— INFORMATION SUPPLIED —

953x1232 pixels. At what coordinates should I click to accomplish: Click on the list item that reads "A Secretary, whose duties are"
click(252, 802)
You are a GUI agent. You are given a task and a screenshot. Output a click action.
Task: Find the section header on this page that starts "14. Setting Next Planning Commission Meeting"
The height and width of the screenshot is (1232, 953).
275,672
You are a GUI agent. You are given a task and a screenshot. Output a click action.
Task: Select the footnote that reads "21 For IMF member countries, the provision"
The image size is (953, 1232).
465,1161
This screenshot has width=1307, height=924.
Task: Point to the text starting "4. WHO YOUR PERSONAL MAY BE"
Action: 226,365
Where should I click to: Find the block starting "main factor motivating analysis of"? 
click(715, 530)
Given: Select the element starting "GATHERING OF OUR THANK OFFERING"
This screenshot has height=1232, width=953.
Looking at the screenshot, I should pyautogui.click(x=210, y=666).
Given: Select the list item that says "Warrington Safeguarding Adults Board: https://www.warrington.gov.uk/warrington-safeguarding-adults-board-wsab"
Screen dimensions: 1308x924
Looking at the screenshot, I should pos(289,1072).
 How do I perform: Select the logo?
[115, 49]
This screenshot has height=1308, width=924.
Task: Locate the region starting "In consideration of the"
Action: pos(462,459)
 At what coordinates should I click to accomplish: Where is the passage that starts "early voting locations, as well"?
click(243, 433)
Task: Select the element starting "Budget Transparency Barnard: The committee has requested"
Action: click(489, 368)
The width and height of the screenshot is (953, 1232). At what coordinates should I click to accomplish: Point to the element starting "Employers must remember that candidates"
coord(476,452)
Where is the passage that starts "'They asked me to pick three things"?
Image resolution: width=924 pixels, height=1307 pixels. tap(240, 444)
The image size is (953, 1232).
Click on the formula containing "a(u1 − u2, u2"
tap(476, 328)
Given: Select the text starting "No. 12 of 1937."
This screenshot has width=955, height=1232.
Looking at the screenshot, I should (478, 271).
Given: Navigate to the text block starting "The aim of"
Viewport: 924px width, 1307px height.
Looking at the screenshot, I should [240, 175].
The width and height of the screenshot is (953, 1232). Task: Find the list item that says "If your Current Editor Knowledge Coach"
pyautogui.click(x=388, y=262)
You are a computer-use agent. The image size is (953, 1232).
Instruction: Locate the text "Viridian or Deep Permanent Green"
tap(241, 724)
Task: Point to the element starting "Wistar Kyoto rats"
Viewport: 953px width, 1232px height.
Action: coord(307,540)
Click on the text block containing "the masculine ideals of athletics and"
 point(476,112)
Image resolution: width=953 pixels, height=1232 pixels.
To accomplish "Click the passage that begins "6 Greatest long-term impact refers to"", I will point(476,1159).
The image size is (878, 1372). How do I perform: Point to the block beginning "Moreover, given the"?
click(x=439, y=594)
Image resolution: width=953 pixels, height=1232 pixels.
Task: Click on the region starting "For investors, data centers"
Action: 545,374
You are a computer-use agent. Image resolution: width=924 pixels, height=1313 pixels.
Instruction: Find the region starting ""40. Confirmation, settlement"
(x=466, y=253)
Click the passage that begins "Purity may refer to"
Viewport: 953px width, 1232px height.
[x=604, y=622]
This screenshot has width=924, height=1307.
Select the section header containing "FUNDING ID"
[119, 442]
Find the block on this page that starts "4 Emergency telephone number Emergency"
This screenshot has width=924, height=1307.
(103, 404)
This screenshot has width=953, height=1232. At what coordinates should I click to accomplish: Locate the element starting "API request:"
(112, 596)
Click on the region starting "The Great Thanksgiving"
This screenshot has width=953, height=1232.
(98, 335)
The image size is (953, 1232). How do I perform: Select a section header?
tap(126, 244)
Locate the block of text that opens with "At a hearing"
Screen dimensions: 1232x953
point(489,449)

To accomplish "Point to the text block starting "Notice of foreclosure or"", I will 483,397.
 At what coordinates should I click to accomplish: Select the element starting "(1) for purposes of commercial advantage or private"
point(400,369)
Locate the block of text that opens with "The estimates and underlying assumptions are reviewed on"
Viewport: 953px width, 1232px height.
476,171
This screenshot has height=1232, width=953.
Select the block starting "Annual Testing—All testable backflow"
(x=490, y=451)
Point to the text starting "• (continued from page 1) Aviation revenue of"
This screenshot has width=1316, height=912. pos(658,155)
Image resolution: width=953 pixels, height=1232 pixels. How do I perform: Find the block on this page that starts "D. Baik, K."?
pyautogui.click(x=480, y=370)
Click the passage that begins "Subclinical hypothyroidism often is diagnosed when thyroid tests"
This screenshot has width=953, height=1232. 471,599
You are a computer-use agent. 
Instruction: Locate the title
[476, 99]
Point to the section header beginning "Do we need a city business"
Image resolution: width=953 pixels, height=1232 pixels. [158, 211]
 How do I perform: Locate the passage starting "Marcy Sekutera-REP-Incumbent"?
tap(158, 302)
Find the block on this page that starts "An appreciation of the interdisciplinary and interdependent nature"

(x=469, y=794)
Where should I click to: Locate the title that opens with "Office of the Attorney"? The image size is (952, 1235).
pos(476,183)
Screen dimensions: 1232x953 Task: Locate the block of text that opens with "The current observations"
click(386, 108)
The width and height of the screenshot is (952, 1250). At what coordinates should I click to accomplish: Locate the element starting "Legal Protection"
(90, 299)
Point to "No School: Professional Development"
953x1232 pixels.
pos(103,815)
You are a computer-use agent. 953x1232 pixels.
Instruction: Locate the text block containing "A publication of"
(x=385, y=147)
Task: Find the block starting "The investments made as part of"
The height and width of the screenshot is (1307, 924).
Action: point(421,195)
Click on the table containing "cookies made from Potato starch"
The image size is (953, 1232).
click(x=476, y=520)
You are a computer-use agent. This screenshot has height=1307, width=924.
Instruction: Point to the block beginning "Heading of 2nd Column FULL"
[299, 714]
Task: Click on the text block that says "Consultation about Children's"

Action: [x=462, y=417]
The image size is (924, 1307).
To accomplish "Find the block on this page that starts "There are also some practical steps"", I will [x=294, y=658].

— TASK GOAL —
The data is to be given again in full, with every line exact.

— RESPONSE —
953x1232 pixels. At what coordinates should I click to accomplish: Click on the list item that reads "A Secretary, whose duties are"
click(252, 802)
You are a GUI agent. You are given a task and a screenshot. Output a click action.
Task: Find the section header on this page that starts "14. Setting Next Planning Commission Meeting"
The height and width of the screenshot is (1232, 953).
275,672
You are a GUI agent. You are given a task and a screenshot. Output a click action.
Task: Select the footnote that reads "21 For IMF member countries, the provision"
The image size is (953, 1232).
465,1161
This screenshot has width=1307, height=924.
Task: Point to the text starting "4. WHO YOUR PERSONAL MAY BE"
Action: 226,365
Where should I click to: Find the block starting "main factor motivating analysis of"? 
click(715, 530)
Given: Select the element starting "GATHERING OF OUR THANK OFFERING"
This screenshot has height=1232, width=953.
Looking at the screenshot, I should pyautogui.click(x=210, y=666).
Given: Select the list item that says "Warrington Safeguarding Adults Board: https://www.warrington.gov.uk/warrington-safeguarding-adults-board-wsab"
Screen dimensions: 1308x924
Looking at the screenshot, I should pos(289,1072).
 How do I perform: Select the logo?
[115, 49]
This screenshot has height=1308, width=924.
Task: Locate the region starting "In consideration of the"
Action: pos(462,459)
 At what coordinates should I click to accomplish: Where is the passage that starts "early voting locations, as well"?
click(243, 433)
Task: Select the element starting "Budget Transparency Barnard: The committee has requested"
Action: click(489, 368)
The width and height of the screenshot is (953, 1232). At what coordinates should I click to accomplish: Point to the element starting "Employers must remember that candidates"
coord(476,452)
Where is the passage that starts "'They asked me to pick three things"?
Image resolution: width=924 pixels, height=1307 pixels. tap(240, 444)
The image size is (953, 1232).
Click on the formula containing "a(u1 − u2, u2"
tap(476, 328)
Given: Select the text starting "No. 12 of 1937."
This screenshot has width=955, height=1232.
Looking at the screenshot, I should (478, 271).
Given: Navigate to the text block starting "The aim of"
Viewport: 924px width, 1307px height.
Looking at the screenshot, I should [240, 175].
The width and height of the screenshot is (953, 1232). Task: Find the list item that says "If your Current Editor Knowledge Coach"
pyautogui.click(x=388, y=262)
You are a computer-use agent. The image size is (953, 1232).
Instruction: Locate the text "Viridian or Deep Permanent Green"
tap(241, 724)
Task: Point to the element starting "Wistar Kyoto rats"
Viewport: 953px width, 1232px height.
Action: coord(307,540)
Click on the text block containing "the masculine ideals of athletics and"
 point(476,112)
Image resolution: width=953 pixels, height=1232 pixels.
To accomplish "Click the passage that begins "6 Greatest long-term impact refers to"", I will point(476,1159).
The image size is (878, 1372). How do I perform: Point to the block beginning "Moreover, given the"?
click(x=439, y=594)
Image resolution: width=953 pixels, height=1232 pixels.
Task: Click on the region starting "For investors, data centers"
Action: 545,374
You are a computer-use agent. Image resolution: width=924 pixels, height=1313 pixels.
Instruction: Find the region starting ""40. Confirmation, settlement"
(x=466, y=253)
Click the passage that begins "Purity may refer to"
Viewport: 953px width, 1232px height.
[x=604, y=622]
This screenshot has width=924, height=1307.
Select the section header containing "FUNDING ID"
[119, 442]
Find the block on this page that starts "4 Emergency telephone number Emergency"
This screenshot has width=924, height=1307.
(103, 404)
This screenshot has width=953, height=1232. At what coordinates should I click to accomplish: Locate the element starting "API request:"
(112, 596)
Click on the region starting "The Great Thanksgiving"
This screenshot has width=953, height=1232.
(98, 335)
The image size is (953, 1232). How do I perform: Select a section header?
tap(126, 244)
Locate the block of text that opens with "At a hearing"
Screen dimensions: 1232x953
point(489,449)

To accomplish "Point to the text block starting "Notice of foreclosure or"", I will 483,397.
 At what coordinates should I click to accomplish: Select the element starting "(1) for purposes of commercial advantage or private"
point(400,369)
Locate the block of text that opens with "The estimates and underlying assumptions are reviewed on"
Viewport: 953px width, 1232px height.
476,171
This screenshot has height=1232, width=953.
Select the block starting "Annual Testing—All testable backflow"
(x=490, y=451)
Point to the text starting "• (continued from page 1) Aviation revenue of"
This screenshot has width=1316, height=912. pos(658,155)
Image resolution: width=953 pixels, height=1232 pixels. How do I perform: Find the block on this page that starts "D. Baik, K."?
pyautogui.click(x=480, y=370)
Click the passage that begins "Subclinical hypothyroidism often is diagnosed when thyroid tests"
This screenshot has width=953, height=1232. 471,599
You are a computer-use agent. 
Instruction: Locate the title
[476, 99]
Point to the section header beginning "Do we need a city business"
Image resolution: width=953 pixels, height=1232 pixels. [158, 211]
 How do I perform: Locate the passage starting "Marcy Sekutera-REP-Incumbent"?
tap(158, 302)
Find the block on this page that starts "An appreciation of the interdisciplinary and interdependent nature"

(x=469, y=794)
Where should I click to: Locate the title that opens with "Office of the Attorney"? The image size is (952, 1235).
pos(476,183)
Screen dimensions: 1232x953 Task: Locate the block of text that opens with "The current observations"
click(386, 108)
The width and height of the screenshot is (952, 1250). At what coordinates should I click to accomplish: Locate the element starting "Legal Protection"
(90, 299)
Point to "No School: Professional Development"
953x1232 pixels.
pos(103,815)
You are a computer-use agent. 953x1232 pixels.
Instruction: Locate the text block containing "A publication of"
(x=385, y=147)
Task: Find the block starting "The investments made as part of"
The height and width of the screenshot is (1307, 924).
Action: point(421,195)
Click on the table containing "cookies made from Potato starch"
The image size is (953, 1232).
click(x=476, y=520)
You are a computer-use agent. This screenshot has height=1307, width=924.
Instruction: Point to the block beginning "Heading of 2nd Column FULL"
[299, 714]
Task: Click on the text block that says "Consultation about Children's"

Action: [x=462, y=417]
The image size is (924, 1307).
To accomplish "Find the block on this page that starts "There are also some practical steps"", I will [x=294, y=658].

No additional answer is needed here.